A good example of this complementarity were the four expeditions he carried out for the British Museum between 1877 and 1882, during the first of which he had to travel to Anatolia and Armenia to prepare a report on the impact of the Russo-Turkish War on the Greek and Armenian Christian communities. Something that he combined with excavations in Mesopotamia, where he made remarkable discoveries:in Nimrud, the temple of Ashurnasirpal II; at Nineveh, Ashurbanipal's cylinder; in Balawat, the gigantic bronze doors with bas-reliefs from the reigns of Ashurnasirpal II and Shalmaneser II; in Borsippa, the palace of Nebuchadnezzar II.
In Babylon he also had notable successes, such as locating the location of the famous Hanging Gardens of Semiramis or finding the cylinder of Cyrus II while working on the temple of Marduk. And in Sippar he found the solar temple, inside which the cylinder of Nabonidus and the stele of Nabu-apla-iddina were buried, together with some fifty thousand tablets with cuneiform writing.
A good part of these pieces were transferred to the British Museum thanks to the fact that its former boss, Layard, was an ambassador in Constantinople and negotiated it with the Ottoman sultan, under whose authority those territories were.
The arrival in England of that string of archaeological treasures gave Hormuzd international prestige, entering the aforementioned Royal Geographical Society and Society of Biblical Archaeology, as well as being awarded by the Accademia delle Scienze di Torino (Turin). However, his fame also generated the envy and cainisms typical of a discipline as little corporatist as archaeology.

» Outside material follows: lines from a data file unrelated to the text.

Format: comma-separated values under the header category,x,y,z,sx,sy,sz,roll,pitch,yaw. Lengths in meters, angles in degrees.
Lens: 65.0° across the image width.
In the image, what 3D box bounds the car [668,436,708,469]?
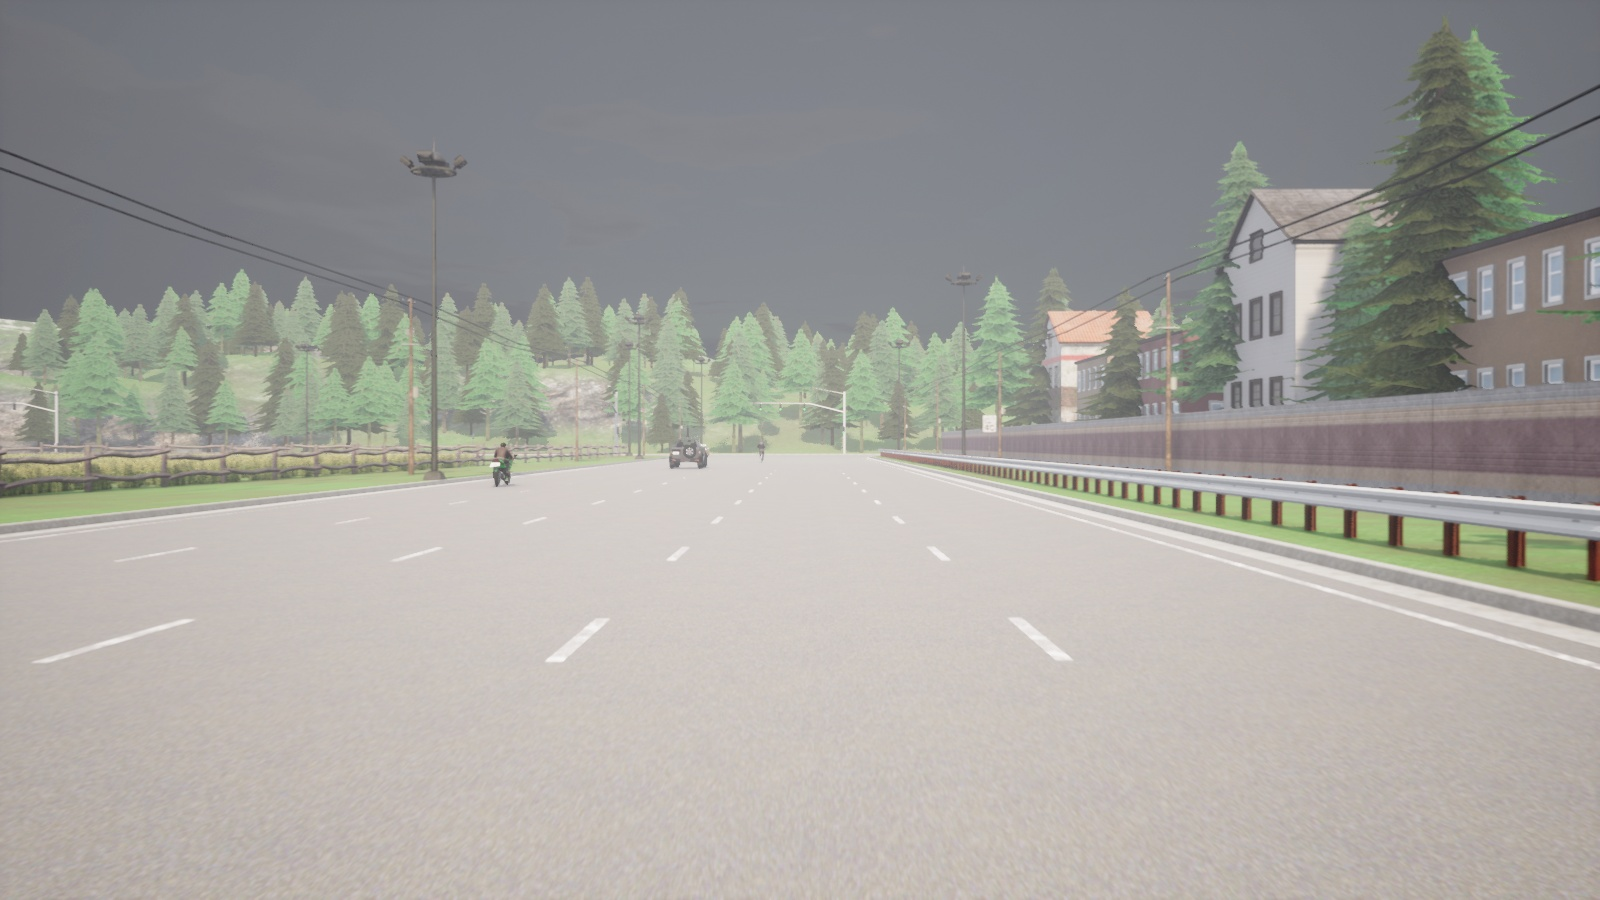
category,x,y,z,sx,sy,sz,roll,pitch,yaw
car,-6.561,0.140,74.206,1.932,1.855,4.605,0,0,0

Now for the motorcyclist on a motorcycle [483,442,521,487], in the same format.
category,x,y,z,sx,sy,sz,roll,pitch,yaw
motorcyclist on a motorcycle,-10.238,0.477,43.212,0.797,1.523,2.044,0,0,0
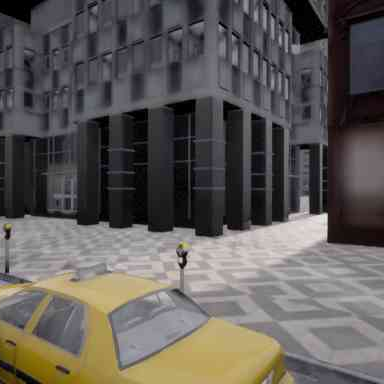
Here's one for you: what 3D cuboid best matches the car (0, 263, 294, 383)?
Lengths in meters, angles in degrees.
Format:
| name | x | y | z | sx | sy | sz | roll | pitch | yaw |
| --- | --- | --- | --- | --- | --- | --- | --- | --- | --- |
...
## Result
| name | x | y | z | sx | sy | sz | roll | pitch | yaw |
| --- | --- | --- | --- | --- | --- | --- | --- | --- | --- |
| car | -1.349 | 1.525 | 3.923 | 4.829 | 1.417 | 1.752 | 0 | 0 | 36 |
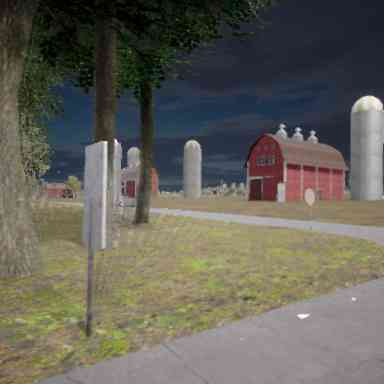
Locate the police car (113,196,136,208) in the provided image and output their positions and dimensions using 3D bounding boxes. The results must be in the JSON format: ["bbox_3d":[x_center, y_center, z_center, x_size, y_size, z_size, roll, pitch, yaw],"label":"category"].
[{"bbox_3d":[-9.237,1.379,44.354,2.038,1.542,4.974,2,-1,-35],"label":"police car"}]
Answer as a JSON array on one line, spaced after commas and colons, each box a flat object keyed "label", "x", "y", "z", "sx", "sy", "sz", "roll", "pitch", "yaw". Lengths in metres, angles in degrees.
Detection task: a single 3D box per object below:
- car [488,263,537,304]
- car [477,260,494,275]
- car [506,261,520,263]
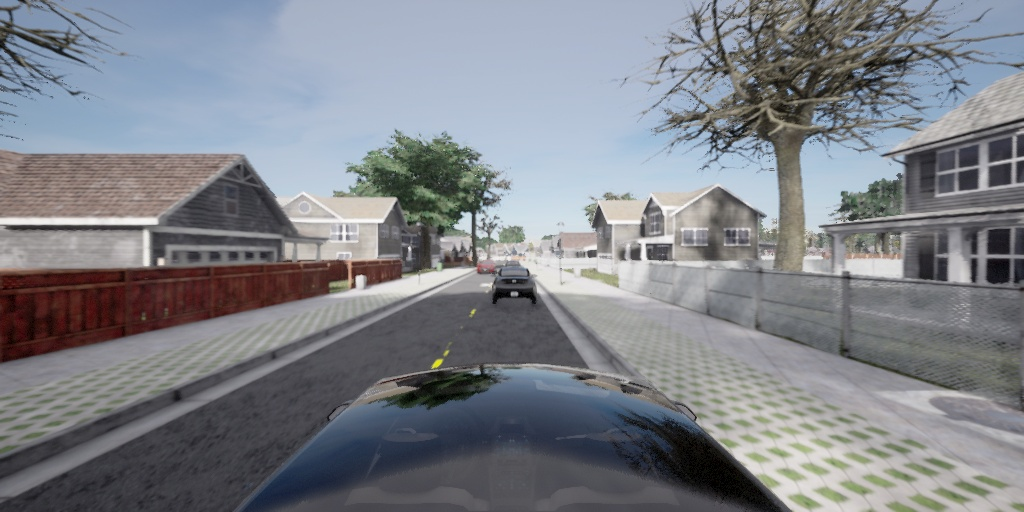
[{"label": "car", "x": 0.096, "y": 1.237, "z": 16.348, "sx": 1.837, "sy": 1.490, "sz": 4.892, "roll": 0, "pitch": 0, "yaw": 0}, {"label": "car", "x": -2.765, "y": 1.180, "z": 39.362, "sx": 1.882, "sy": 1.535, "sz": 5.008, "roll": 0, "pitch": 0, "yaw": 0}, {"label": "car", "x": 0.093, "y": 1.209, "z": 37.412, "sx": 1.837, "sy": 1.490, "sz": 4.892, "roll": 0, "pitch": 0, "yaw": 0}]
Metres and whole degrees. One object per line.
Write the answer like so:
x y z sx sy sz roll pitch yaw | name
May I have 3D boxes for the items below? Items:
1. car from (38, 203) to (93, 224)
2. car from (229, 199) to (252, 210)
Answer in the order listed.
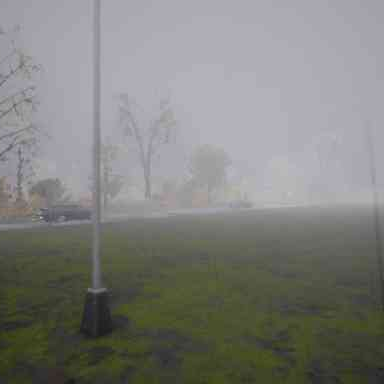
-9.476 1.613 26.021 1.837 1.490 4.892 0 0 36 | car
7.351 1.799 49.595 2.128 1.511 4.902 1 0 36 | car
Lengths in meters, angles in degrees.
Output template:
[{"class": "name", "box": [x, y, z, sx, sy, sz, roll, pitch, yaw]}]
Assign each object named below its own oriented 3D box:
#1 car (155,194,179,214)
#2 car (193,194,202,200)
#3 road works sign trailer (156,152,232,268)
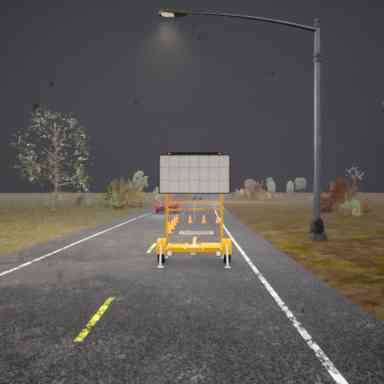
[{"class": "car", "box": [-2.621, 1.217, 36.289, 2.150, 2.045, 5.566, 0, 0, 3]}, {"class": "car", "box": [1.554, 1.195, 91.013, 2.150, 2.045, 5.566, 0, 0, 6]}, {"class": "road works sign trailer", "box": [0.085, 0.464, 11.258, 2.380, 3.560, 2.880, 0, 0, 1]}]

Thus, the aforementioned Rawlinson claimed credit for a large part of the findings, arguing that when they were produced he was the British ambassador in Baghdad and was in charge of the excavations, attributing to Hormuzd a role of a mere operator on the ground.
Layard defended him publicly and forcefully, but he still had the most bitter moments of his life to live through. It was in 1893, having already published five books, when the Egyptologist and orientalist philologist Ernest Wallis Budge, curator of the Department of Egyptian and Assyrian Antiquities of the British Museum, accused him of using his relatives from the Near East to traffic in antiquities and send them to England. only minor pieces, even though they still form the basis of the museum's Assyrian collection today.
And it is that when Hormuzd had replaced Layard in 1851, archaeologists were already beginning to excavate more slowly and scientifically, while he did it the old way, less carefully.
In any case, despite the fact that when he learned of Budge's complaints he was already sixty-seven years old, he sued him in court and won, although the sentence was somewhat bittersweet because it was ambiguous. He should wait a little longer for the academic world to fully recognize him; yes, he could hardly enjoy it because he died in 1910. Today, however, he is remembered as the pioneer that he was; Ashurbanipal's cylinder is officially called the Rassam Cylinder and the British Museum itself preserves his personal effects, including some as curious as the chains from his dungeon in Abyssinia.